■ Task instructions
Please transcribe the entries below without omitting a single character.

────────────────────

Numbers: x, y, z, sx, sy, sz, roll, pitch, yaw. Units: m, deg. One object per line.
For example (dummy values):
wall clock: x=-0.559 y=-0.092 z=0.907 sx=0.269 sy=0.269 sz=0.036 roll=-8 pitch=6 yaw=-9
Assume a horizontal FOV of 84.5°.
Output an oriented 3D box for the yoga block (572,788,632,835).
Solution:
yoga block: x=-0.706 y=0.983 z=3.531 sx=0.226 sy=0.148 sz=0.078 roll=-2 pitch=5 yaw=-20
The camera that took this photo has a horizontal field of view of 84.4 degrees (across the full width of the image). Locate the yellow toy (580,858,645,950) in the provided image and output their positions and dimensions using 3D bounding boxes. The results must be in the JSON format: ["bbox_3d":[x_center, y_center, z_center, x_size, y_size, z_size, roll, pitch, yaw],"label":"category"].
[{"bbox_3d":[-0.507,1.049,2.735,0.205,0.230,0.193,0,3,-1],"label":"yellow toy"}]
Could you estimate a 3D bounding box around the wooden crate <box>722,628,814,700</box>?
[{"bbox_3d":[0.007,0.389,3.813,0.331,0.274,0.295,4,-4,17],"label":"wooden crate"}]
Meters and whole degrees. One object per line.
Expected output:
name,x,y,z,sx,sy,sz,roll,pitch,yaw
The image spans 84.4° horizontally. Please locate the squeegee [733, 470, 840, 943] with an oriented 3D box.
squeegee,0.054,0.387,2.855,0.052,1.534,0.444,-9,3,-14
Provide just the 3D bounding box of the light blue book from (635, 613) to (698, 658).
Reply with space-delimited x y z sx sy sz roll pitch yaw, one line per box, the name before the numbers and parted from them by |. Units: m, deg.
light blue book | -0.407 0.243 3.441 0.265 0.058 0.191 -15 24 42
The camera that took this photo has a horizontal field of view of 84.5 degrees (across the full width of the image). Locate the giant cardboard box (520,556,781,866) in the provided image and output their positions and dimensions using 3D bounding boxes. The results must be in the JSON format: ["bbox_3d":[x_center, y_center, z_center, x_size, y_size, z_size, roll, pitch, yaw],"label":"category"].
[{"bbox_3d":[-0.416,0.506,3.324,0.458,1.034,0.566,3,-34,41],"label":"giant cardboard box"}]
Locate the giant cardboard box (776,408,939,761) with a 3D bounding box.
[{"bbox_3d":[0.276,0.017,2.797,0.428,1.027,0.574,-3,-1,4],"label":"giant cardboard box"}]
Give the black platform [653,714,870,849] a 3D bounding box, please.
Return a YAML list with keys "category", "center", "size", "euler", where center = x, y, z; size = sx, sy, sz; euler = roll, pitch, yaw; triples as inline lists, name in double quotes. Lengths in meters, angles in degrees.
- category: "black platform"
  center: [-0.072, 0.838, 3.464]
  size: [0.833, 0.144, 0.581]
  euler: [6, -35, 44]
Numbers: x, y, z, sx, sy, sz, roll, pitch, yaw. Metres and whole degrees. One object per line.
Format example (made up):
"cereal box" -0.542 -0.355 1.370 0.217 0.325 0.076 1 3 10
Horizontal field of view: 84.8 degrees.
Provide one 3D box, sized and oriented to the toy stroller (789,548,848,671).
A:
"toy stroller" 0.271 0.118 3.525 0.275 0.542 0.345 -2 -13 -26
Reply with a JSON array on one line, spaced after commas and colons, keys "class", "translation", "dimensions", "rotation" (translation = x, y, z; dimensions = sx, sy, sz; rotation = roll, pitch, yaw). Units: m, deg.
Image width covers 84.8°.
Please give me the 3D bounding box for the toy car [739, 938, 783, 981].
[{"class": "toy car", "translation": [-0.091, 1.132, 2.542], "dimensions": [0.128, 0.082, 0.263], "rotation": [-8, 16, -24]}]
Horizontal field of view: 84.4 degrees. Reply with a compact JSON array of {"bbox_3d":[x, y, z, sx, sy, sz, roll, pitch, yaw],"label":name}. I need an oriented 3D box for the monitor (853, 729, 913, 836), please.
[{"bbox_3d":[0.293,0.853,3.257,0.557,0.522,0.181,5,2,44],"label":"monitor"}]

────────────────────

■ Answer to this task
Numbers: x, y, z, sx, sy, sz, roll, pitch, yaw. Units: m, deg. One object per line.
For example (dummy values):
wall clock: x=-0.559 y=-0.092 z=0.907 sx=0.269 sy=0.269 sz=0.036 roll=-8 pitch=6 yaw=-9
Assume a horizontal FOV of 84.5°.
Output an oriented 3D box for the yoga block (572,788,632,835).
Solution:
yoga block: x=-0.706 y=0.983 z=3.531 sx=0.226 sy=0.148 sz=0.078 roll=-2 pitch=5 yaw=-20
The camera that took this photo has a horizontal field of view of 84.4 degrees (across the full width of the image). Locate the yellow toy (580,858,645,950) in the provided image and output their positions and dimensions using 3D bounding boxes. The results must be in the JSON format: ["bbox_3d":[x_center, y_center, z_center, x_size, y_size, z_size, roll, pitch, yaw],"label":"category"].
[{"bbox_3d":[-0.507,1.049,2.735,0.205,0.230,0.193,0,3,-1],"label":"yellow toy"}]
Could you estimate a 3D bounding box around the wooden crate <box>722,628,814,700</box>?
[{"bbox_3d":[0.007,0.389,3.813,0.331,0.274,0.295,4,-4,17],"label":"wooden crate"}]
Meters and whole degrees. One object per line.
Expected output:
name,x,y,z,sx,sy,sz,roll,pitch,yaw
The image spans 84.4° horizontally. Please locate the squeegee [733, 470, 840, 943] with an oriented 3D box.
squeegee,0.054,0.387,2.855,0.052,1.534,0.444,-9,3,-14
Provide just the 3D bounding box of the light blue book from (635, 613) to (698, 658).
Reply with space-delimited x y z sx sy sz roll pitch yaw, one line per box, the name before the numbers and parted from them by |. Units: m, deg.
light blue book | -0.407 0.243 3.441 0.265 0.058 0.191 -15 24 42
The camera that took this photo has a horizontal field of view of 84.5 degrees (across the full width of the image). Locate the giant cardboard box (520,556,781,866) in the provided image and output their positions and dimensions using 3D bounding boxes. The results must be in the JSON format: ["bbox_3d":[x_center, y_center, z_center, x_size, y_size, z_size, roll, pitch, yaw],"label":"category"].
[{"bbox_3d":[-0.416,0.506,3.324,0.458,1.034,0.566,3,-34,41],"label":"giant cardboard box"}]
Locate the giant cardboard box (776,408,939,761) with a 3D bounding box.
[{"bbox_3d":[0.276,0.017,2.797,0.428,1.027,0.574,-3,-1,4],"label":"giant cardboard box"}]
Give the black platform [653,714,870,849] a 3D bounding box, please.
Return a YAML list with keys "category", "center", "size", "euler", where center = x, y, z; size = sx, sy, sz; euler = roll, pitch, yaw; triples as inline lists, name in double quotes. Lengths in meters, angles in degrees.
- category: "black platform"
  center: [-0.072, 0.838, 3.464]
  size: [0.833, 0.144, 0.581]
  euler: [6, -35, 44]
Numbers: x, y, z, sx, sy, sz, roll, pitch, yaw. Metres and whole degrees. One object per line.
Format example (made up):
"cereal box" -0.542 -0.355 1.370 0.217 0.325 0.076 1 3 10
Horizontal field of view: 84.8 degrees.
Provide one 3D box, sized and oriented to the toy stroller (789,548,848,671).
A:
"toy stroller" 0.271 0.118 3.525 0.275 0.542 0.345 -2 -13 -26
Reply with a JSON array on one line, spaced after commas and colons, keys "class", "translation", "dimensions", "rotation" (translation = x, y, z; dimensions = sx, sy, sz; rotation = roll, pitch, yaw). Units: m, deg.
Image width covers 84.8°.
Please give me the 3D bounding box for the toy car [739, 938, 783, 981].
[{"class": "toy car", "translation": [-0.091, 1.132, 2.542], "dimensions": [0.128, 0.082, 0.263], "rotation": [-8, 16, -24]}]
Horizontal field of view: 84.4 degrees. Reply with a compact JSON array of {"bbox_3d":[x, y, z, sx, sy, sz, roll, pitch, yaw],"label":name}. I need an oriented 3D box for the monitor (853, 729, 913, 836), please.
[{"bbox_3d":[0.293,0.853,3.257,0.557,0.522,0.181,5,2,44],"label":"monitor"}]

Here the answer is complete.